The standard sacrifice bunt – with a man on first base and
no one out – is almost always a poor percentage play unless the guy at the
plate is an absolutely terrible hitter – and by “absolutely terrible” I mean
he’s a pitcher. There are exceptions, but generally speaking the odds that
you’ll score one run in the inning go up very slightly if at all when you bunt,
and the odds that you’ll score MORE than one run in the inning go down
significantly. (Keep in mind that with men on first and second, the bunt is more defensible, because in that case
you’re moving two runners up a base instead of one.)
But as bad as it is to bunt with a man on first only, it’s
even worse to bunt with a man on second. Perhaps the most underappreciated benefit
of bunting is that you stay out of the double play.
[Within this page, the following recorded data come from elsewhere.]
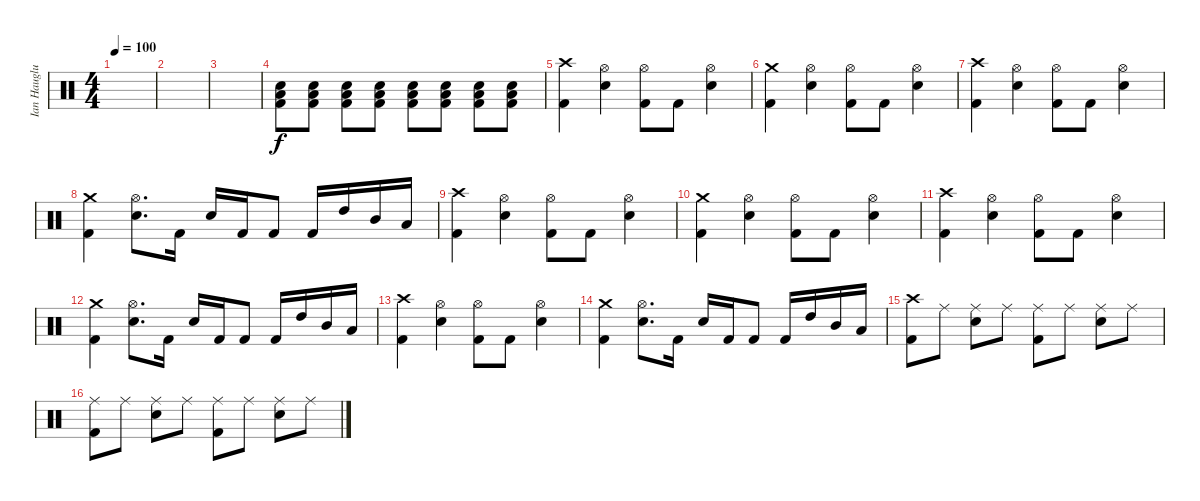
\track ("Ian Hauglund" "Ian Hauglu") {instrument percussion}
\staff {score}
\articulation defaults
\ts (4 4)
\tempo 100
\clef neutral
\ks c
|
|
|
("Electric Snare (hit)" "Kick (hit) 2" "Low Floor Tom (hit)").8{volume 6} ("Electric Snare (hit)" "Kick (hit) 2" "Low Floor Tom (hit)").8{volume 8} ("Electric Snare (hit)" "Kick (hit) 2" "Low Floor Tom (hit)").8{volume 10} ("Electric Snare (hit)" "Kick (hit) 2" "Low Floor Tom (hit)").8{volume 11} ("Electric Snare (hit)" "Kick (hit) 2" "Low Floor Tom (hit)").8{volume 13} ("Electric Snare (hit)" "Kick (hit) 2" "Low Floor Tom (hit)").8{volume 15} ("Electric Snare (hit)" "Kick (hit) 2" "Low Floor Tom (hit)").8{volume 16} ("Electric Snare (hit)" "Kick (hit) 2" "Low Floor Tom (hit)").8 |
("Kick (hit) 2" "Crash high (hit)").4 ("Electric Snare (hit)" "Hi-Hat (open)").4 ("Kick (hit) 2" "Hi-Hat (open)").8 "Kick (hit) 2".8 ("Electric Snare (hit)" "Hi-Hat (open)").4 |
("Kick (hit) 2" "Crash medium (hit)").4 ("Electric Snare (hit)" "Hi-Hat (open)").4 ("Kick (hit) 2" "Hi-Hat (open)").8 "Kick (hit) 2".8 ("Electric Snare (hit)" "Hi-Hat (open)").4 |
("Kick (hit) 2" "Crash high (hit)").4 ("Electric Snare (hit)" "Hi-Hat (open)").4 ("Kick (hit) 2" "Hi-Hat (open)").8 "Kick (hit) 2".8 ("Electric Snare (hit)" "Hi-Hat (open)").4 |
("Kick (hit) 2" "Crash medium (hit)").4 ("Electric Snare (hit)" "Hi-Hat (open)").8{d} "Kick (hit) 2".16 "Electric Snare (hit)".16 "Kick (hit) 2".16 "Kick (hit) 2".8 "Kick (hit) 2".16 "High Tom (hit)".16 "Mid Tom (hit)".16 "Low Tom (hit)".16 |
("Kick (hit) 2" "Crash high (hit)").4 ("Electric Snare (hit)" "Hi-Hat (open)").4 ("Kick (hit) 2" "Hi-Hat (open)").8 "Kick (hit) 2".8 ("Electric Snare (hit)" "Hi-Hat (open)").4 |
("Kick (hit) 2" "Crash medium (hit)").4 ("Electric Snare (hit)" "Hi-Hat (open)").4 ("Kick (hit) 2" "Hi-Hat (open)").8 "Kick (hit) 2".8 ("Electric Snare (hit)" "Hi-Hat (open)").4 |
("Kick (hit) 2" "Crash high (hit)").4 ("Electric Snare (hit)" "Hi-Hat (open)").4 ("Kick (hit) 2" "Hi-Hat (open)").8 "Kick (hit) 2".8 ("Electric Snare (hit)" "Hi-Hat (open)").4 |
("Kick (hit) 2" "Crash medium (hit)").4 ("Electric Snare (hit)" "Hi-Hat (open)").8{d} "Kick (hit) 2".16 "Electric Snare (hit)".16 "Kick (hit) 2".16 "Kick (hit) 2".8 "Kick (hit) 2".16 "High Tom (hit)".16 "Mid Tom (hit)".16 "Low Tom (hit)".16 |
("Kick (hit) 2" "Crash high (hit)").4 ("Electric Snare (hit)" "Hi-Hat (open)").4 ("Kick (hit) 2" "Hi-Hat (open)").8 "Kick (hit) 2".8 ("Electric Snare (hit)" "Hi-Hat (open)").4 |
("Kick (hit) 2" "Crash medium (hit)").4 ("Electric Snare (hit)" "Hi-Hat (open)").8{d} "Kick (hit) 2".16 "Electric Snare (hit)".16 "Kick (hit) 2".16 "Kick (hit) 2".8 "Kick (hit) 2".16 "High Tom (hit)".16 "Mid Tom (hit)".16 "Low Tom (hit)".16 |
("Kick (hit) 2" "Crash high (hit)").8 "Ride (middle)".8 ("Electric Snare (hit)" "Ride (middle)").8 "Ride (middle)".8 ("Kick (hit) 2" "Ride (middle)").8 "Ride (middle)".8 ("Electric Snare (hit)" "Ride (middle)").8 "Ride (middle)".8 |
("Kick (hit) 2" "Ride (middle)").8 "Ride (middle)".8 ("Electric Snare (hit)" "Ride (middle)").8 "Ride (middle)".8 ("Kick (hit) 2" "Ride (middle)").8 "Ride (middle)".8 ("Electric Snare (hit)" "Ride (middle)").8 "Ride (middle)".8
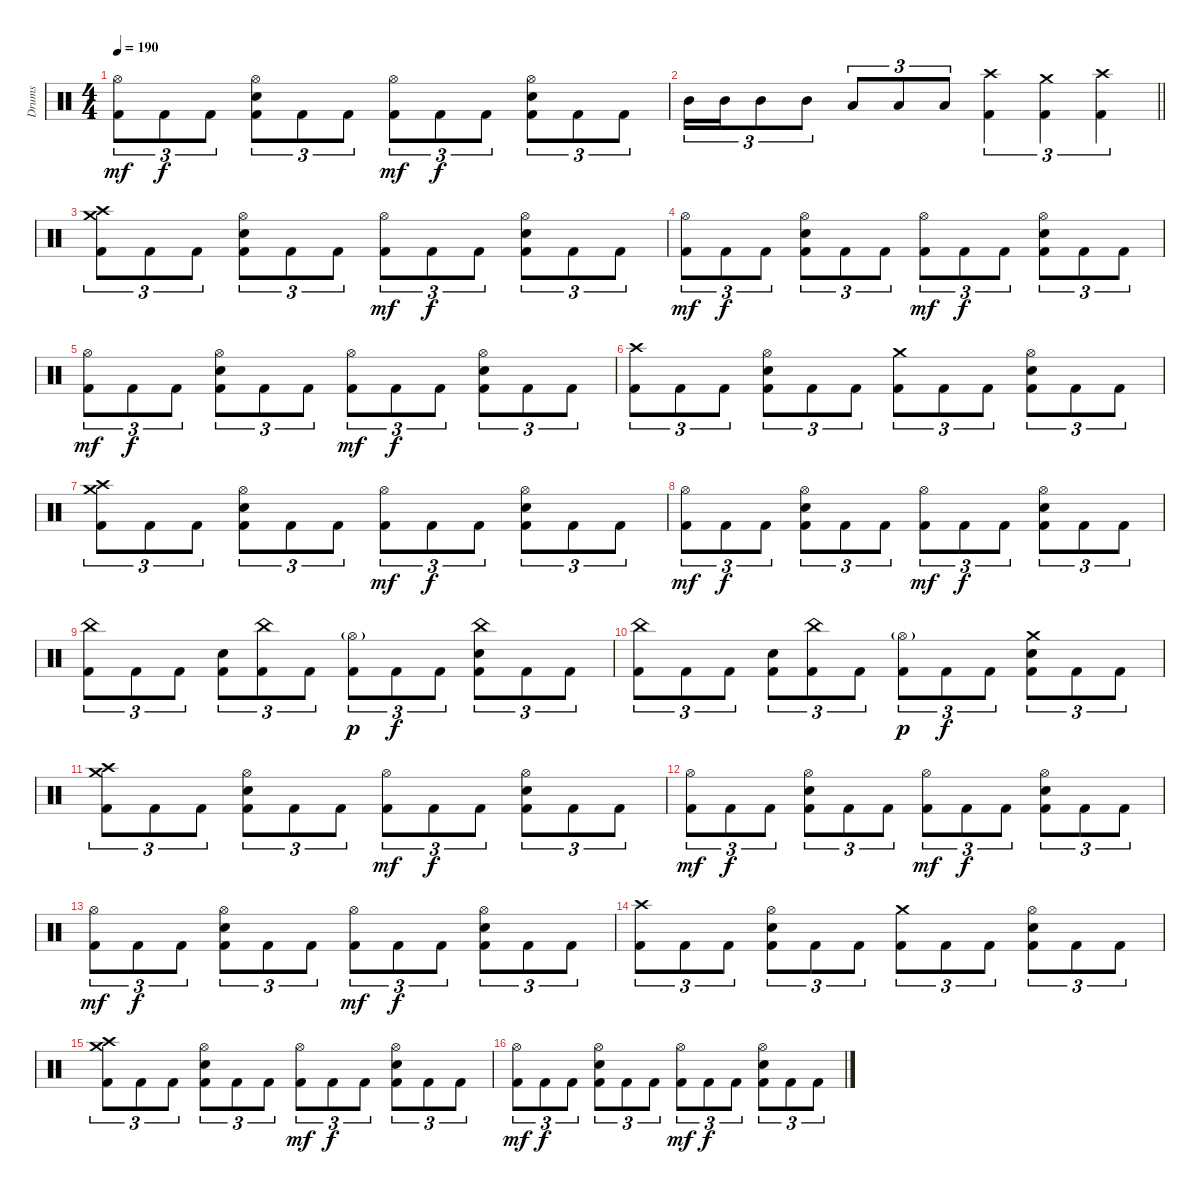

With a man on second base,
the double play has already been taken out of the equation.
And then there’s the fact that with a man on second base, a
groundball to the right side will almost certainly move the runner over to
third base anyway. The batter was Chris Getz, who 1) is a groundball hitter and
2) bats left-handed, meaning if he just pulls the ball, he’ll move the runner
over. So why would you give up an out on purpose when you could swing away and
likely gain the same result even if you don’t get a hit?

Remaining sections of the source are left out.